● Input data
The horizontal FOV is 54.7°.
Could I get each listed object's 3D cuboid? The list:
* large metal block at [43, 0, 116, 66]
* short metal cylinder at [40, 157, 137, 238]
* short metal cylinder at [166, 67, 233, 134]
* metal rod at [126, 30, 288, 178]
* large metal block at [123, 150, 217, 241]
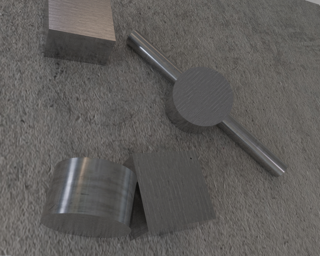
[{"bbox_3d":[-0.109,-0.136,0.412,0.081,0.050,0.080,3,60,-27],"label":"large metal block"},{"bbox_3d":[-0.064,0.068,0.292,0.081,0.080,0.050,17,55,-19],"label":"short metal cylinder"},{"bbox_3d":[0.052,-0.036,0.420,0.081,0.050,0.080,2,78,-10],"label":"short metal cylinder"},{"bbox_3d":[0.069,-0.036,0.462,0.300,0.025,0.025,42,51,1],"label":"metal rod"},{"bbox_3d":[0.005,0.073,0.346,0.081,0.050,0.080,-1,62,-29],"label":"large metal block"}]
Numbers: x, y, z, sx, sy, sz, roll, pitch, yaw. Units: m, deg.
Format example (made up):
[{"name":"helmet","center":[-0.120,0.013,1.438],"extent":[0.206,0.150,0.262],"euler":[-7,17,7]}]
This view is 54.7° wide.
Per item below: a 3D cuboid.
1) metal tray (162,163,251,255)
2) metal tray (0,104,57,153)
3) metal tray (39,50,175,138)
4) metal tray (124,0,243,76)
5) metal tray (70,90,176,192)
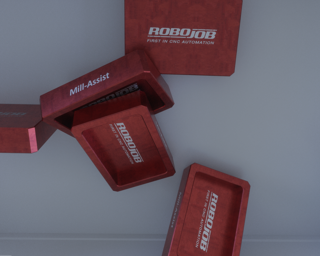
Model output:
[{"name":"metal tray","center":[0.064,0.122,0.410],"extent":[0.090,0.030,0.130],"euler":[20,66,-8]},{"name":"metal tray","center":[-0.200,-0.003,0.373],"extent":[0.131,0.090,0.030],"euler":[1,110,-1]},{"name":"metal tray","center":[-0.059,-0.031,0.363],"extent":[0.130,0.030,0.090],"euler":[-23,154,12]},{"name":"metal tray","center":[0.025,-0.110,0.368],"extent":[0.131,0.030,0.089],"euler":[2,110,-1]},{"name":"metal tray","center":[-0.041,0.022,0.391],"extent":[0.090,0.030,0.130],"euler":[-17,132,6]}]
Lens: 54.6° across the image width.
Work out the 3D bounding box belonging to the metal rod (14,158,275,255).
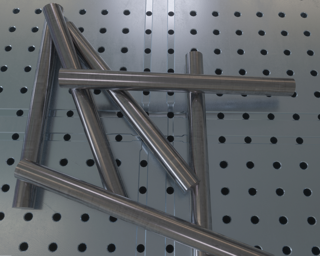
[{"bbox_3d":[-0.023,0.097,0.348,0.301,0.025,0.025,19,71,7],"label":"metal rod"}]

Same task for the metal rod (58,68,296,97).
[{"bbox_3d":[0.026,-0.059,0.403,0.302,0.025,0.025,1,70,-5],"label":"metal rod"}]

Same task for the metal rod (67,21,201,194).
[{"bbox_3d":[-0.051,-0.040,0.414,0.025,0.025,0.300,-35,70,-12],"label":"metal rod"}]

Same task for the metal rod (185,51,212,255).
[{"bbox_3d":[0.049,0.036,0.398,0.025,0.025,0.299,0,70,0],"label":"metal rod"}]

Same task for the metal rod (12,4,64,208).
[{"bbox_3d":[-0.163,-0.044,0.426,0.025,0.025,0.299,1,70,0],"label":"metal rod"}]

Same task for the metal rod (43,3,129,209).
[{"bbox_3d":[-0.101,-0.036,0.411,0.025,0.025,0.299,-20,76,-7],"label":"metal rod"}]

● Required work
Copy the records exactly. Skip the images.

● Exercise response
The horizontal FOV is 54.7°.
Could I get each listed object's 3D cuboid? The list:
* large metal block at [43, 0, 116, 66]
* short metal cylinder at [40, 157, 137, 238]
* short metal cylinder at [166, 67, 233, 134]
* metal rod at [126, 30, 288, 178]
* large metal block at [123, 150, 217, 241]
[{"bbox_3d":[-0.109,-0.136,0.412,0.081,0.050,0.080,3,60,-27],"label":"large metal block"},{"bbox_3d":[-0.064,0.068,0.292,0.081,0.080,0.050,17,55,-19],"label":"short metal cylinder"},{"bbox_3d":[0.052,-0.036,0.420,0.081,0.050,0.080,2,78,-10],"label":"short metal cylinder"},{"bbox_3d":[0.069,-0.036,0.462,0.300,0.025,0.025,42,51,1],"label":"metal rod"},{"bbox_3d":[0.005,0.073,0.346,0.081,0.050,0.080,-1,62,-29],"label":"large metal block"}]
Numbers: x, y, z, sx, sy, sz, roll, pitch, yaw. Units: m, deg.
Format example (made up):
[{"name":"helmet","center":[-0.120,0.013,1.438],"extent":[0.206,0.150,0.262],"euler":[-7,17,7]}]
This view is 54.7° wide.
Per item below: a 3D cuboid.
1) metal tray (162,163,251,255)
2) metal tray (0,104,57,153)
3) metal tray (39,50,175,138)
4) metal tray (124,0,243,76)
5) metal tray (70,90,176,192)
Model output:
[{"name":"metal tray","center":[0.064,0.122,0.410],"extent":[0.090,0.030,0.130],"euler":[20,66,-8]},{"name":"metal tray","center":[-0.200,-0.003,0.373],"extent":[0.131,0.090,0.030],"euler":[1,110,-1]},{"name":"metal tray","center":[-0.059,-0.031,0.363],"extent":[0.130,0.030,0.090],"euler":[-23,154,12]},{"name":"metal tray","center":[0.025,-0.110,0.368],"extent":[0.131,0.030,0.089],"euler":[2,110,-1]},{"name":"metal tray","center":[-0.041,0.022,0.391],"extent":[0.090,0.030,0.130],"euler":[-17,132,6]}]
Lens: 54.6° across the image width.
Work out the 3D bounding box belonging to the metal rod (14,158,275,255).
[{"bbox_3d":[-0.023,0.097,0.348,0.301,0.025,0.025,19,71,7],"label":"metal rod"}]

Same task for the metal rod (58,68,296,97).
[{"bbox_3d":[0.026,-0.059,0.403,0.302,0.025,0.025,1,70,-5],"label":"metal rod"}]

Same task for the metal rod (67,21,201,194).
[{"bbox_3d":[-0.051,-0.040,0.414,0.025,0.025,0.300,-35,70,-12],"label":"metal rod"}]

Same task for the metal rod (185,51,212,255).
[{"bbox_3d":[0.049,0.036,0.398,0.025,0.025,0.299,0,70,0],"label":"metal rod"}]

Same task for the metal rod (12,4,64,208).
[{"bbox_3d":[-0.163,-0.044,0.426,0.025,0.025,0.299,1,70,0],"label":"metal rod"}]

Same task for the metal rod (43,3,129,209).
[{"bbox_3d":[-0.101,-0.036,0.411,0.025,0.025,0.299,-20,76,-7],"label":"metal rod"}]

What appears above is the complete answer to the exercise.